Dans une Afrique où près de 600 millions de personnes vivent encore sans accès à l’électricité, la transition énergétique ne se résume pas à une question environnementale. Elle est avant tout une question de développement, d’industrialisation, d’emplois et de souveraineté. C’est cette conviction qui a animé les échanges de la 3ᵉ Conférence du Réseau international pour la transition énergétique en Afrique (INAET), tenue les 11 et 12 juin 2026 à Abidjan.
Pendant deux jours, la capitale économique ivoirienne est devenue le point de convergence des décideurs publics, institutions financières, chercheurs, industriels et experts venus réfléchir à l’un des plus grands défis du continent : comment fournir une énergie accessible à tous sans compromettre les engagements climatiques ?
Il est ressorti des discussions que l’Afrique ne peut pas emprunter les mêmes chemins que les économies déjà industrialisées. Sa transition énergétique doit être pensée à partir de ses propres réalités, marquées par une forte croissance démographique, des besoins massifs en infrastructures et une industrialisation encore inachevée. « La transition énergétique africaine doit être juste et adaptée aux réalités du continent », ont rappelé plusieurs intervenants, insistant sur la nécessité de placer l’accès à l’énergie au cœur des politiques de développement.

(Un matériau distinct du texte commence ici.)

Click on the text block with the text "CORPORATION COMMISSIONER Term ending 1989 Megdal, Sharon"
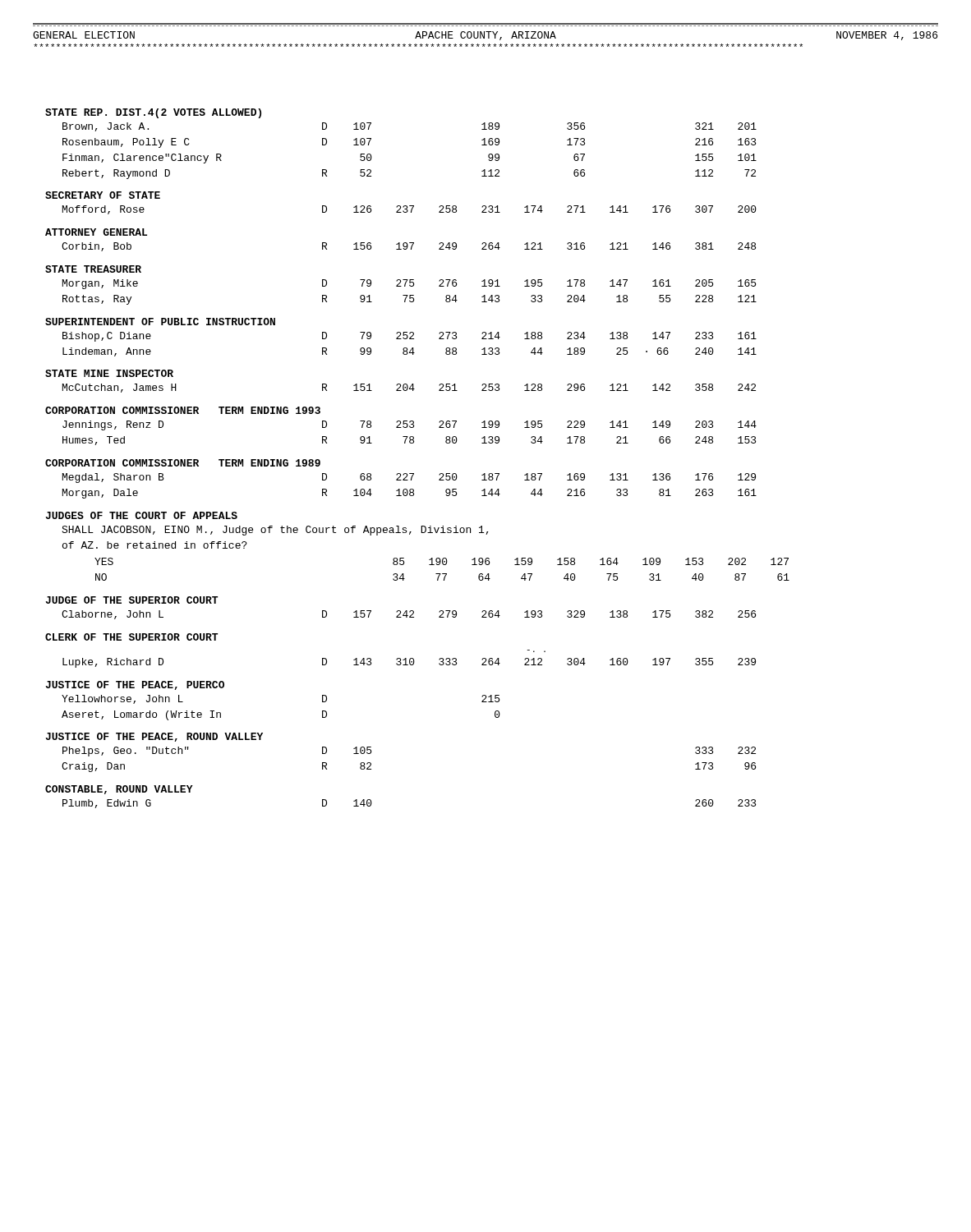This screenshot has height=1232, width=971. [x=492, y=479]

Cette vision a trouvé un écho particulier à Abidjan, où les débats ont mis en lumière l’urgence d’accélérer l’électrification des territoires, notamment ruraux. Car derrière les statistiques se cachent des millions de familles qui s’éclairent encore à la lampe, des entreprises contraintes de fonctionner au ralenti et des jeunes dont les perspectives économiques demeurent limitées par l’absence d’une énergie fiable.
Les participants ont également exploré les opportunités offertes par les bioénergies, les marchés carbone, la cuisson propre, l’agriculture durable et les nouvelles technologies énergétiques. Autant de pistes susceptibles de transformer les ressources africaines en moteurs de croissance économique.

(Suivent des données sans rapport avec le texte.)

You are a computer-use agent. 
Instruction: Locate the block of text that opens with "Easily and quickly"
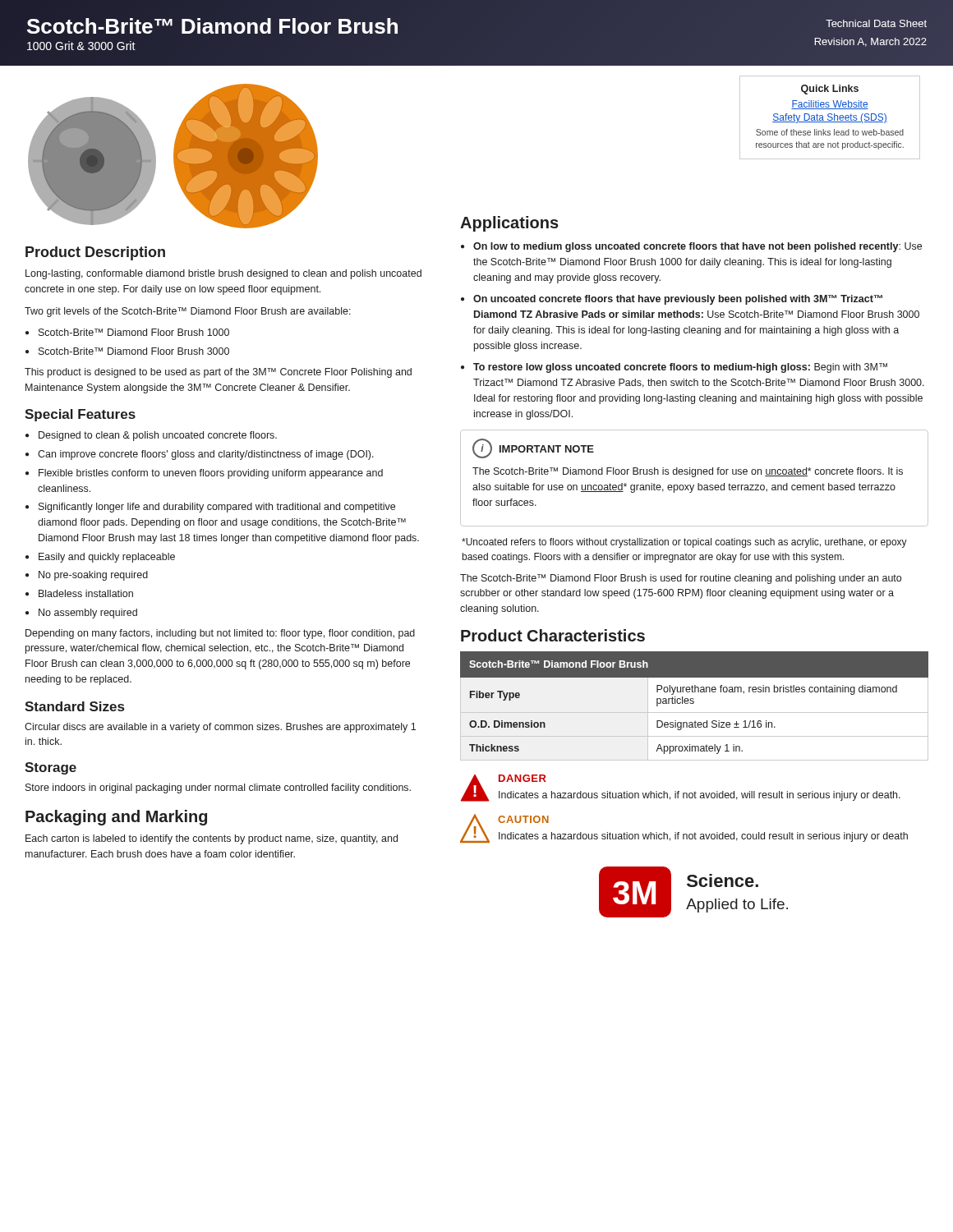[x=107, y=556]

L’un des moments marquants de cette troisième édition a été le lancement du Réseau africain des bioénergies, une initiative destinée à accompagner les pays du continent dans le développement de filières énergétiques fondées sur la valorisation durable de la biomasse agricole. Pour de nombreux experts, cette approche pourrait permettre à l’Afrique de répondre simultanément à plusieurs défis dont la production de l’énergie, le soutien des agriculteurs et la création d’emplois dans les zones rurales.
Toutefois, au-delà des innovations et des ambitions affichées, la question du financement est revenue avec insistance. Les infrastructures énergétiques nécessitent des investissements considérables, alors même que de nombreux pays africains disposent de marges budgétaires limitées. Les représentants des institutions financières internationales ont ainsi appelé à renforcer les partenariats public-privé, à améliorer les cadres réglementaires et à développer des mécanismes innovants capables d’attirer davantage de capitaux vers les projets énergétiques africains.
Pour les participants, il s’agit de créer les conditions d’une croissance durable capable de soutenir l’industrialisation, de renforcer la compétitivité des économies africaines et d’améliorer les conditions de vie des populations.